Why Investors Should Listen to Ken Griffey, Jr.
On July 24th, the greatest ballplayer I’ve ever seen was inducted in the National Baseball Hall of Fame with a record-setting 99.3% of the vote. Reflecting on his career, Ken Griffey, Jr recently said:
“On the Mariners, we had this philosophy in the clubhouse that we referred to as Baseball Gods. Maybe it was more of a superstition than a philosophy. When someone referred to Baseball Gods, we were acknowledging that this game will make you feel human really fast: Never get too high on yourself and never get too low. It was a reminder that you’re never as bad as they say you are and never as good as you think you are.”
What Griffey said about baseball can also be said about the markets: they always have a way of humbling you.
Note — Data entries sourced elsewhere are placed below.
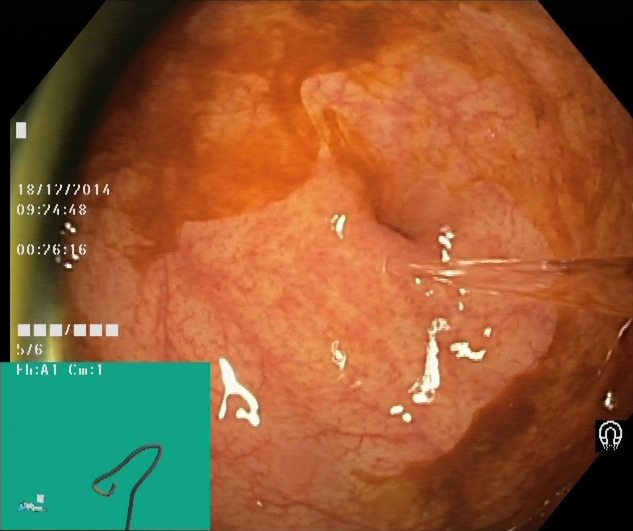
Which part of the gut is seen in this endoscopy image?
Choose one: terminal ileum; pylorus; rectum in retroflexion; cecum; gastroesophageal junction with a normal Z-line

cecum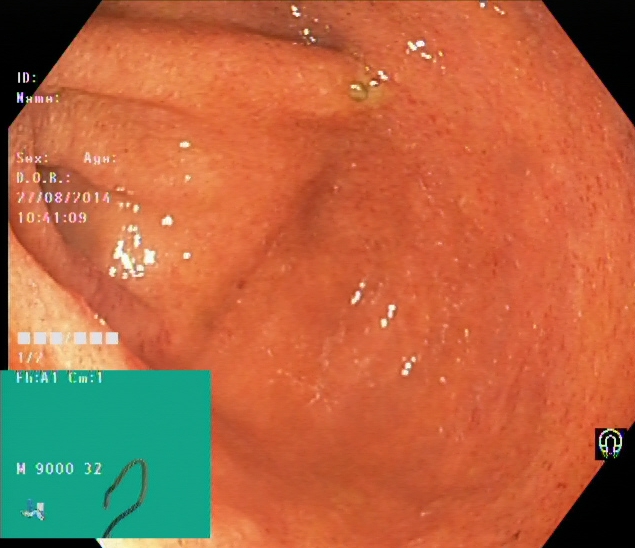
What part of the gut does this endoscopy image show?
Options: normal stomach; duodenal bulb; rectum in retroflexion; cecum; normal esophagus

cecum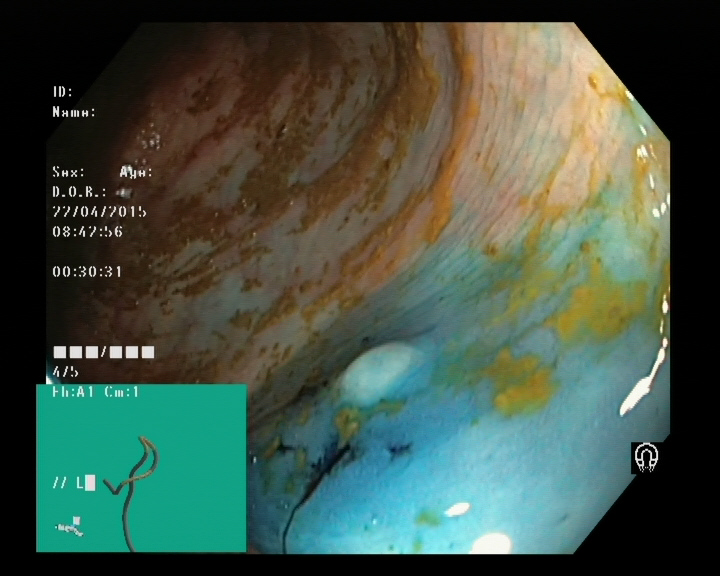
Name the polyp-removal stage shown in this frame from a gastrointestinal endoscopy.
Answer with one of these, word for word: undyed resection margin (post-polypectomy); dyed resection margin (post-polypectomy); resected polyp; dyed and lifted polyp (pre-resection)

dyed and lifted polyp (pre-resection)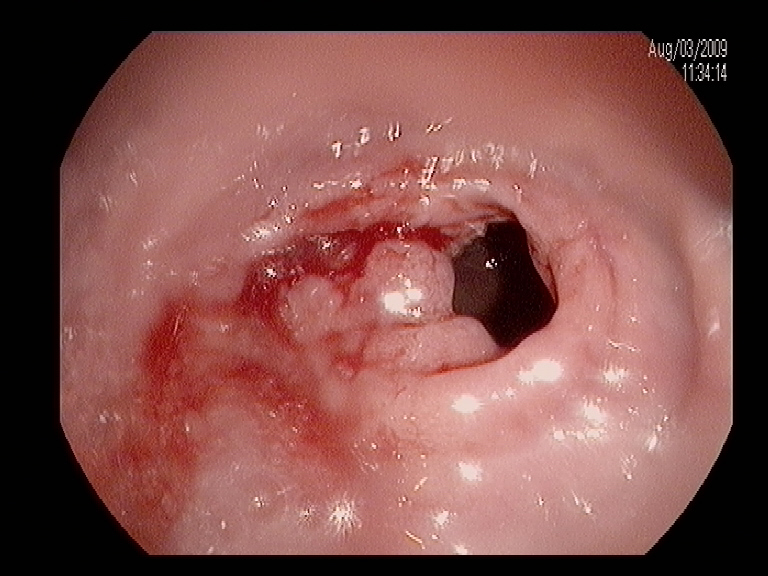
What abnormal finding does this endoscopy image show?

blood in the lumen

It’s important to keep your head on straight when markets are either soaring or crashing.
Unfortunately, that’s easier said than done given the wild ride the markets have been on over the last decade or two. The graph below shows a breakout of annualized returns for every 3-year period between July 1997 and June 2016.
Return Distribution — A Test of Consistency
A plain English description of this distribution might be “feast or famine.” The more formal, statistical description is that this is a bi-modal distribution.
Usually a distribution will be clustered near the mean, or average result, and then gently slope off in both directions.
However, this distribution has two or maybe even three peaks (tri-modal). A large number of occurrences cluster in 10%-to-18% range, which represents a very healthy return.
In addition, there are also a large number of occurrences where the annualized three-year returns were in the –8% to –14% range. Even more interesting, while the average three-year annualized return for the S&P 500 is 5.65%, there are very few times since July 1997 that the S&P 500 was close to its average — it was typically either way above or way below.
A similar, bi-modal distribution appears when looking at long-term, ten-year annualized returns. The largest bucket representing 39.4% of the outcomes is the 6% to 8% range; a perfectly acceptable result for most investors.
Worryingly though, the second most frequent range of ten-year returns is actually negative, ranging from –2% to 0%. Combined with the –4% to –2% bucket, 22.0% of the observations in this range were “lost decades.”
Seeking a Narrow Distribution (or Consistency of Returns)
The Defined Risk Strategy was designed to mitigate the impact of these outlier events and possibly provide a smoother, more reliable, more consistent outcome. By actively hedging against bear markets, the DRS has a much smaller “left tail” of bad outcomes. Over its 19 year history the DRS has weathered the two largest bear markets since World War II: the dot-com bust of 2000–2002 and the financial crisis of 2007-09. Below we see the distribution of annualized three-year returns of the DRS compared to the S&P 500.
By hedging with long-term put options, the DRS has historically minimized the impact of those bear markets. The distribution of DRS returns is what one hopes to see — the majority of returns are clustered near the average of the distribution.
The long term returns of the Defined Risk Strategy are much more predictable. There isn’t a second peak to the distribution out in negative territory, like there is for the S&P 500.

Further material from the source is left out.